So anyway, as it’s Friday, that means it’s time for my usual post of why I am happy today and what I’m thankful for – and today is no different!

Today I am thankful for British bank holidays, the Eurostar, and French Aunt moving to France. All this means that I get to go to Paris to visit French Cousin for the bank-holiday weekend at the end of this month, eat baguette, squeal when I see the Eiffel Tower and do my Carrie run – hopefully minus the horse manure and the bastardly Alexandr Petrovsky!

I love Paris – French Cousin lives in a wonderfully Bohemian area in a fabulous flat with Mustard Boy, her man – he’s from Dijon. It’s small but perfectly formed (the flat), although getting in the shower takes special manoeuvring.

Last time I visited, they threw a magnificent house party with beaucoup d’alcohol and half way through the night they decided to see how many people they could fit in the metre square kitchen. The end tally made London Underground at rush hour look roomy.

It’s also a great place to gather blog material as I don’t really understand English with a French accent, and while I can speak French, I can’t hear the response. Last time I was there I found there was a Turkish shop near French Cousin’s house and spoke Turkish to them. Apparently they still ask after the crazy blonde English girl who came in speaking Turkish, so I will have to go and say hello!

This time around, French Cousin is going to show me more of Paris and I can’t wait. I will pack my beret and a host of exciting English food for French Cousin and Mustard Boy (he particularly favours crumpets and chocolate raisins) and embark on my awfully big adventure.

Thursday, 7 August 2008

Oh summer, summer wherefore art thou summer?

I have spent the entire morning thinking about food.
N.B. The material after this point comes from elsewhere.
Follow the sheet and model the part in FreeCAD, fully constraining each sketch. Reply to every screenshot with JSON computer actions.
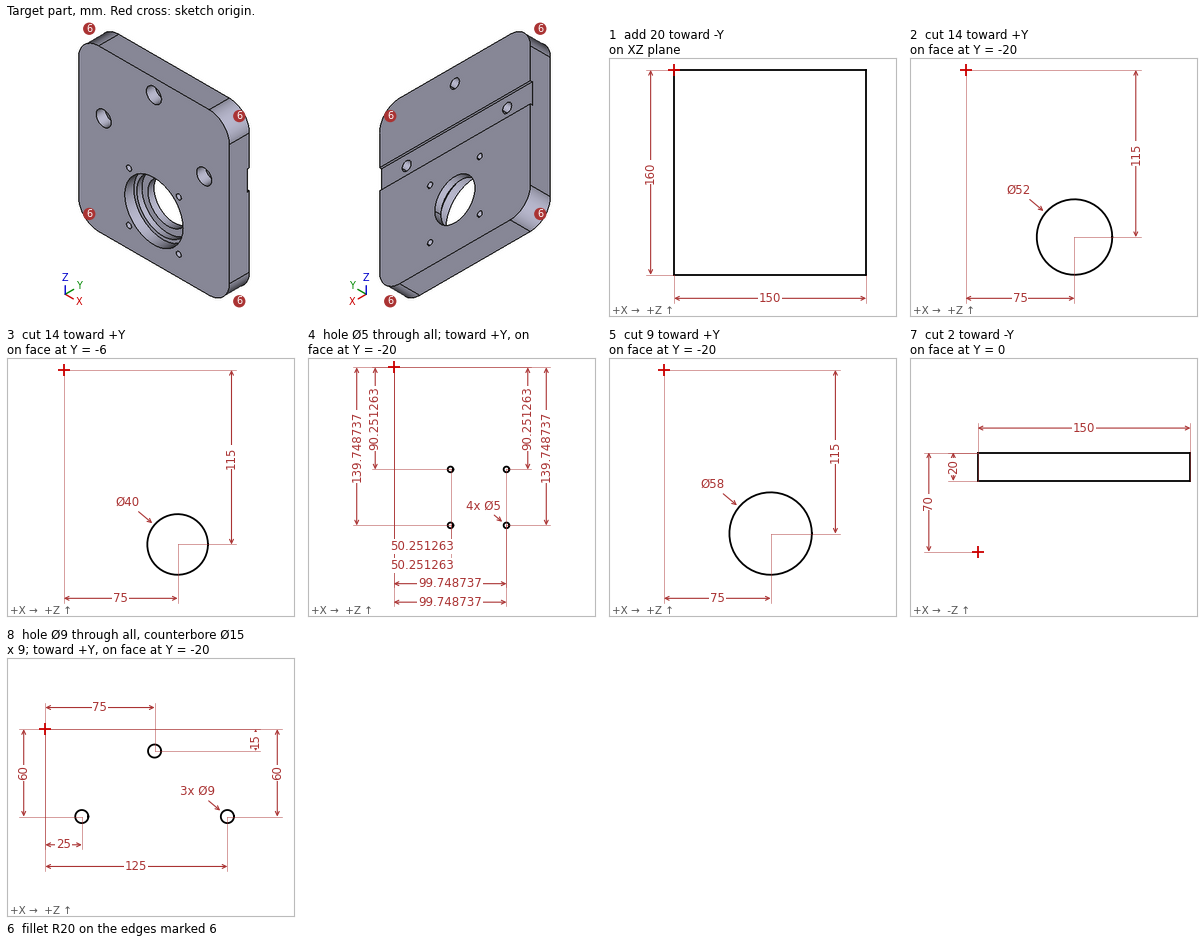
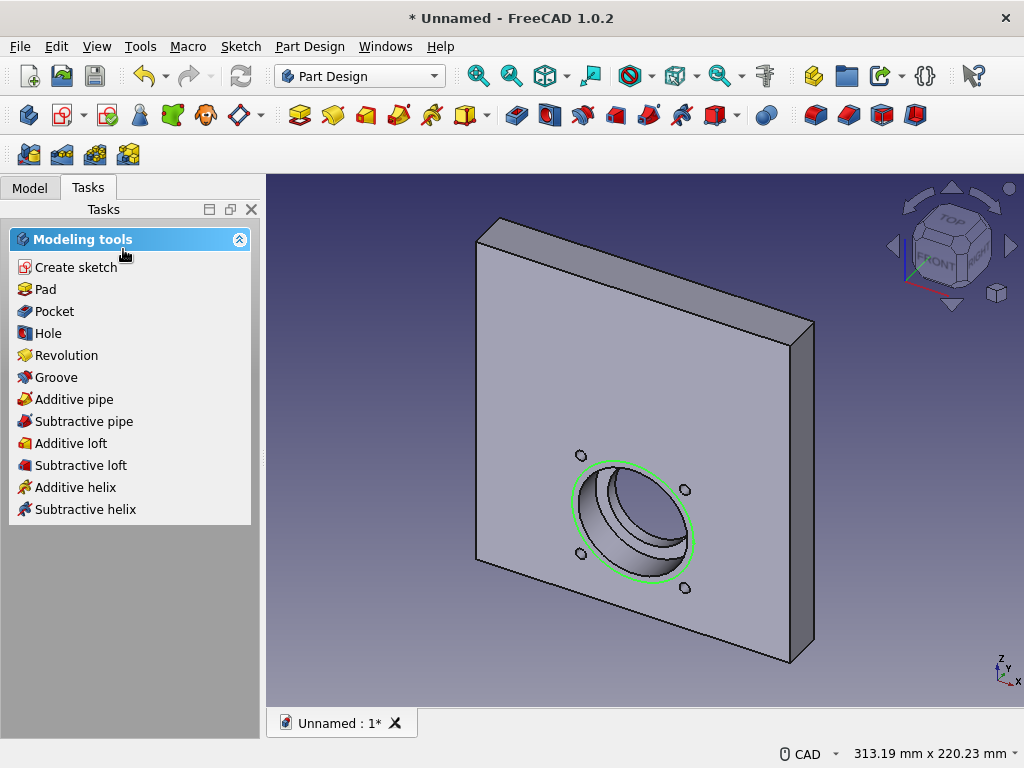
{"action": "left_click", "coordinate": [517, 116]}
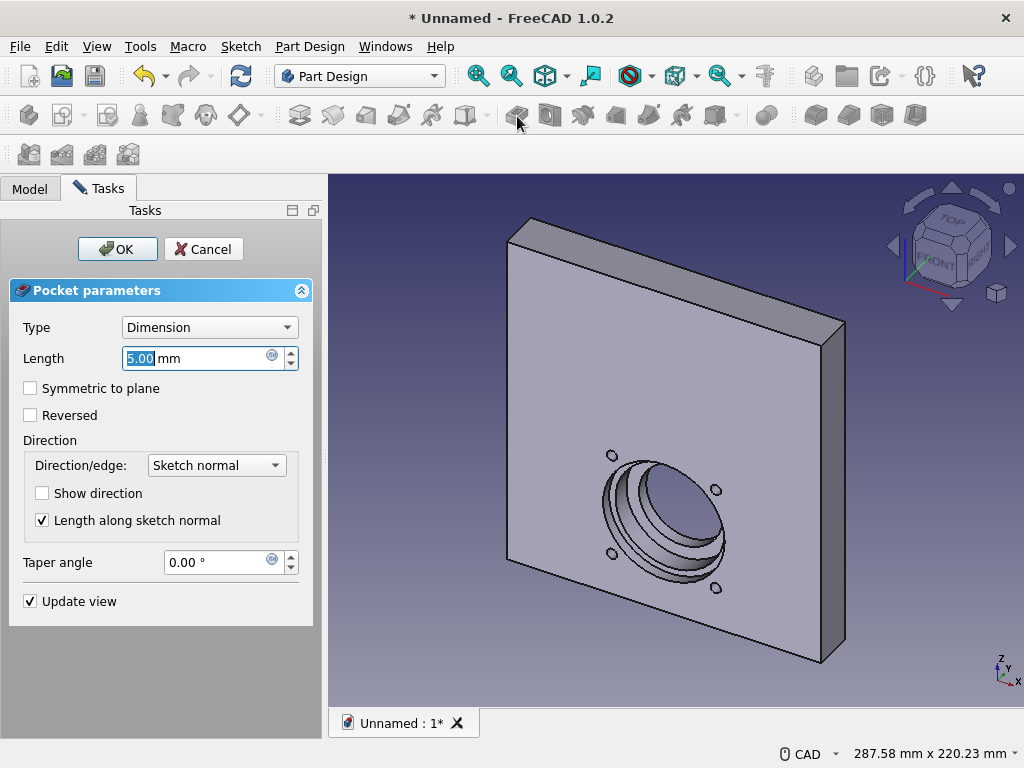
{"action": "type", "text": "9"}
{"action": "key", "text": "Tab"}

Perhaps it was yesterday’s post on Speculoos that set me off, or just that fact that I like food so much – but whatever the reason, there has been barely a moment of my free-thinking time that I haven’t been salivating over thoughts of shepherd’s pie, lasagne. Good old winter recipes.

And that’s the weird thing, here I am sat here on 7 August, and I am thinking about food more suited to deepest darkest October. What is going on? The air conditioning is disguising the heat outside, which is frankly quite oppressive this week, so that could be why the grey skies are implying a different season altogether to the one we are in.
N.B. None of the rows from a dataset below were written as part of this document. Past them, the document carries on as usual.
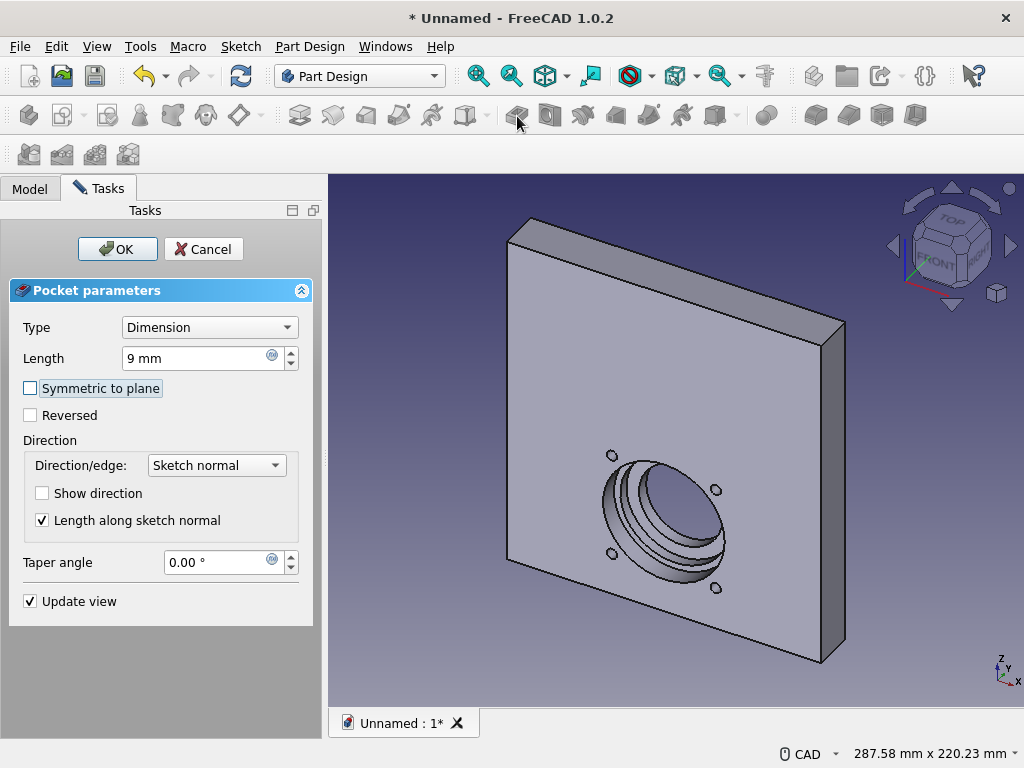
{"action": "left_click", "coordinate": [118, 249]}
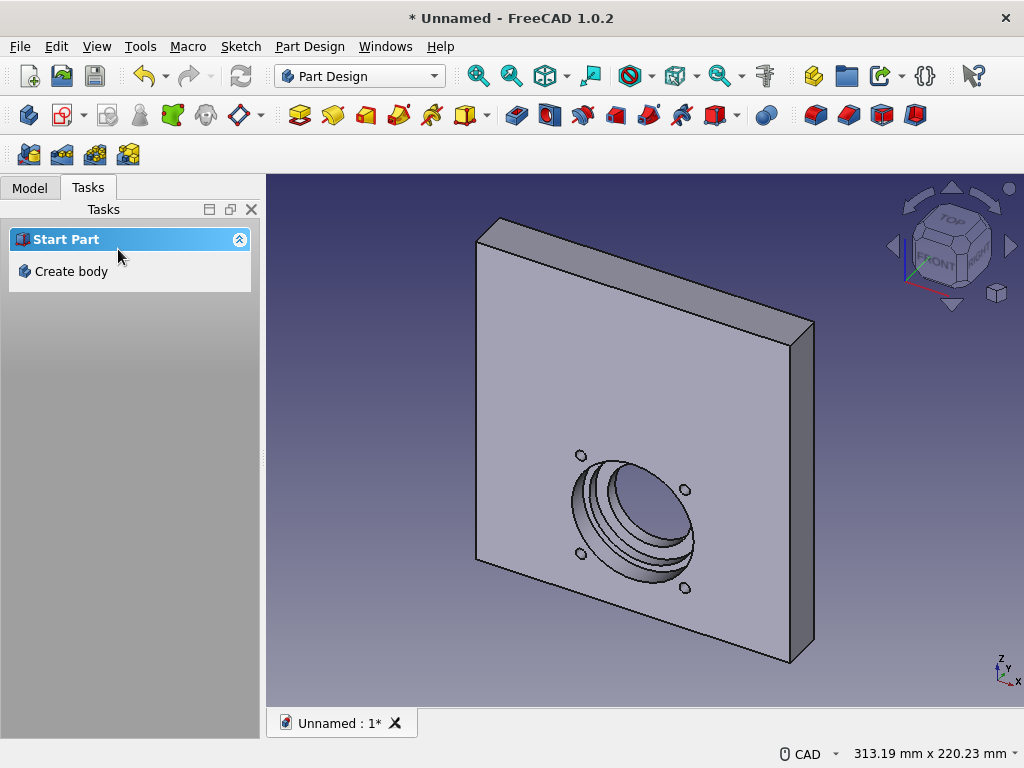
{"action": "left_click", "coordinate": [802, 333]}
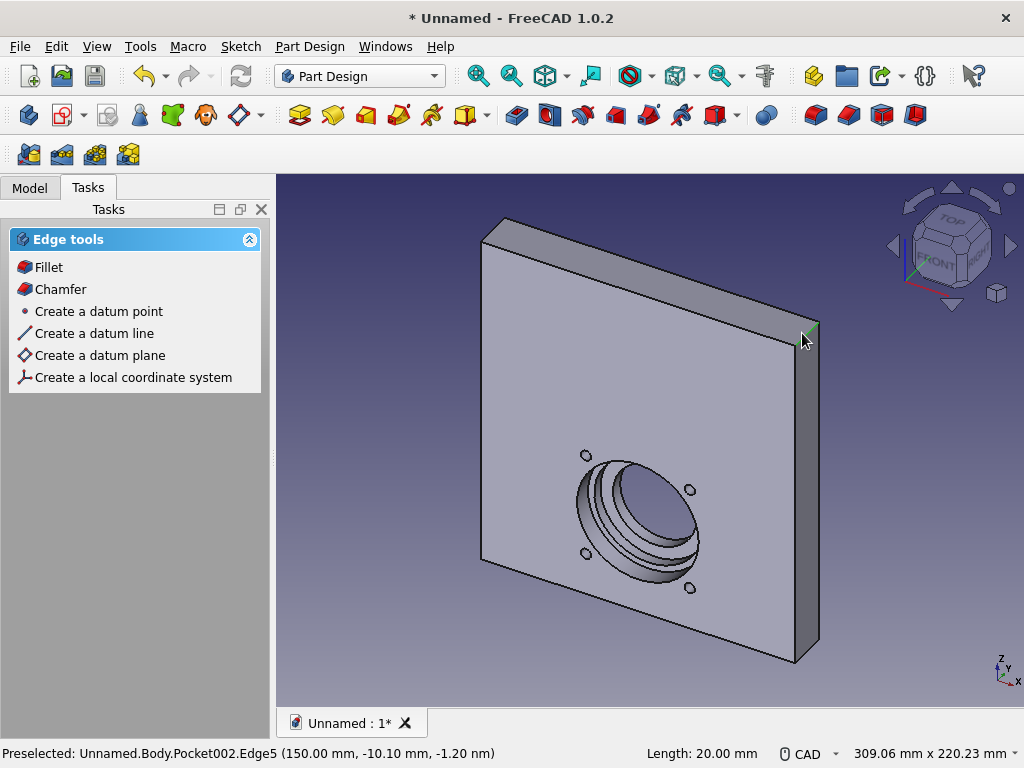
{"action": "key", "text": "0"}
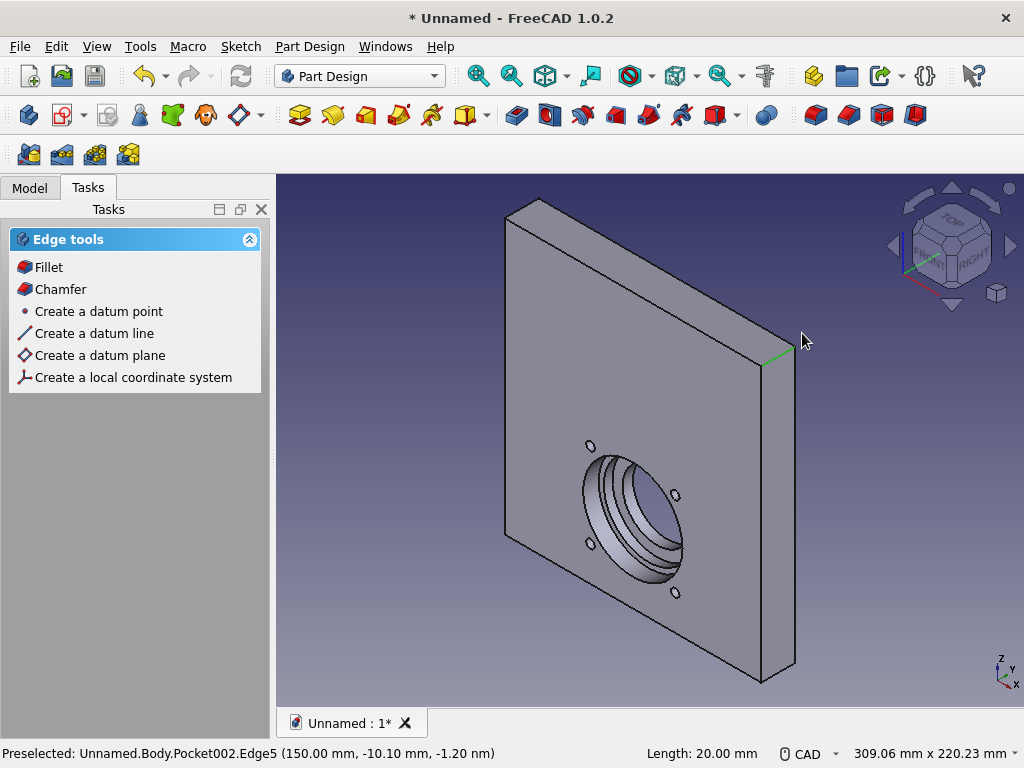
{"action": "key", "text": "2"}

But in August I should be dreaming of exotic salad dressing recipes and exciting ways to cook tuna – it really is NOT on.

*exasperated squeak

It’s started raining now, too!

I am quite a stubborn person so have continued to eat salads even it’s too grey and wet, and I have kept my flipflops by my bed, even though it’s my furry slippers I find I am reaching for, to try and force myself to believe that summer really is here.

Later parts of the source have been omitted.